First developed at the imperial kilns in Jingdezhen during the reign of the Yongzheng Emperor, lemon yellow glaze was produced through the combination of antimoniate of iron and tin oxide, and was favoured throughout the Qing dynasty, particularly by the Qianlong Emperor. Vessels covered in this attractive glaze required the utmost attention in potting, glazing and firing as the smallest imperfection resulted in the destruction of the piece. Amongst the different monochrome glazes, yellow is the only colour that has direct imperial association.
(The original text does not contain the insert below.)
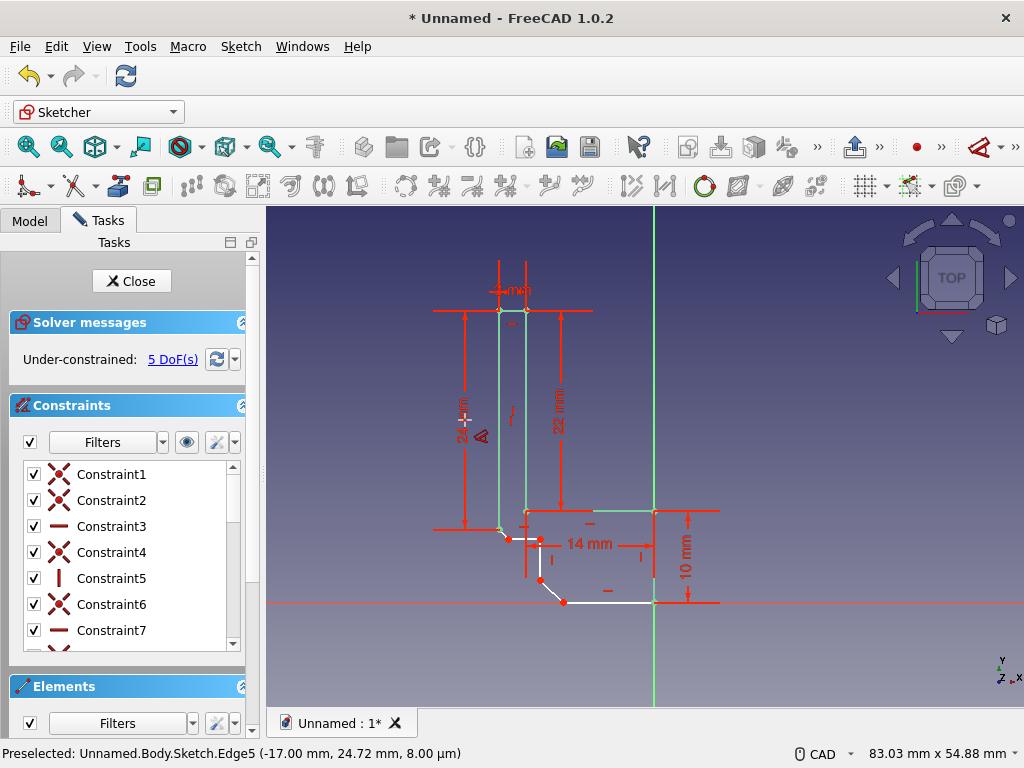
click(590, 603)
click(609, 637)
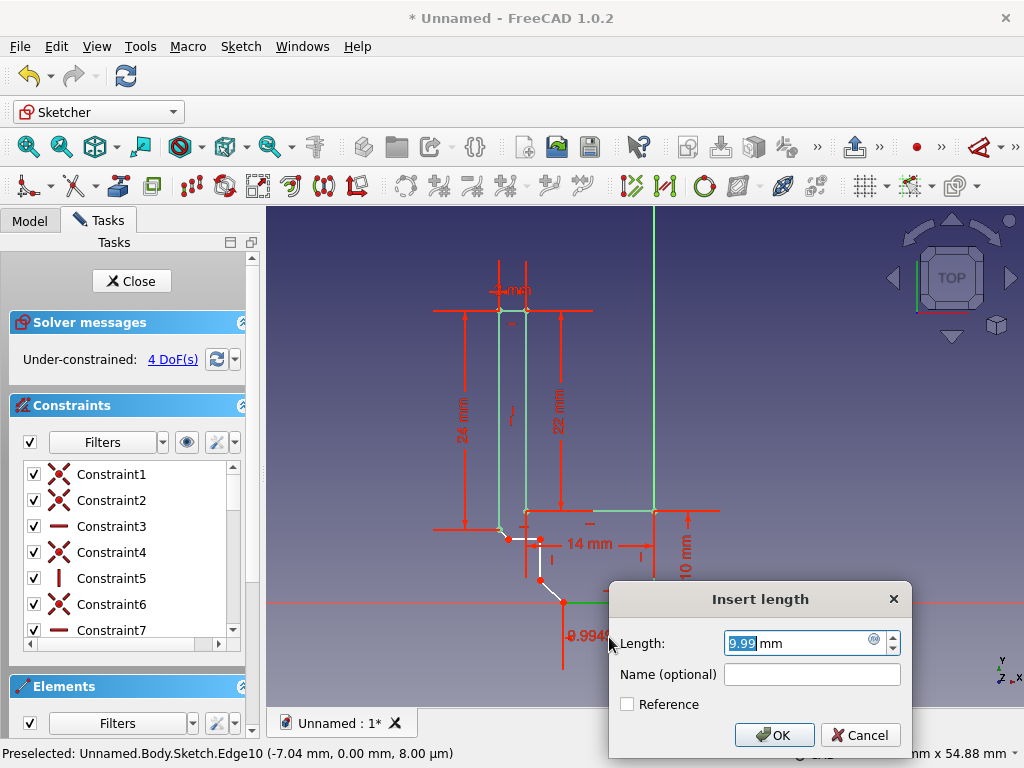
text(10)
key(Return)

Although imperial yellow-glazed wares had been produced from the early Ming dynasty they were used exclusively for ritual ceremonies; thus lemon-yellow vessels provided the court with an alternative for daily use.

 

Compare a lemon-yellow bowl of slightly broader proportions, sold at Christie’s Hong Kong, 28th October 2002, lot 712, and again in our Hong Kong rooms, 10th April 2006, lot 1627; another sold at Christie’s London, 15th June 1999, lot 91; and a pair sold twice at Christie’s New York, 10th December 1987, lot 306, and 20th September 2005, lot 283, from the Rodriguez collection.

 

For the prototype of this glaze, compare a pair of Yongzheng mark and period cups, from the collection of W.F. van Heukelom, sold in these rooms, 5th November 2014, lot 51.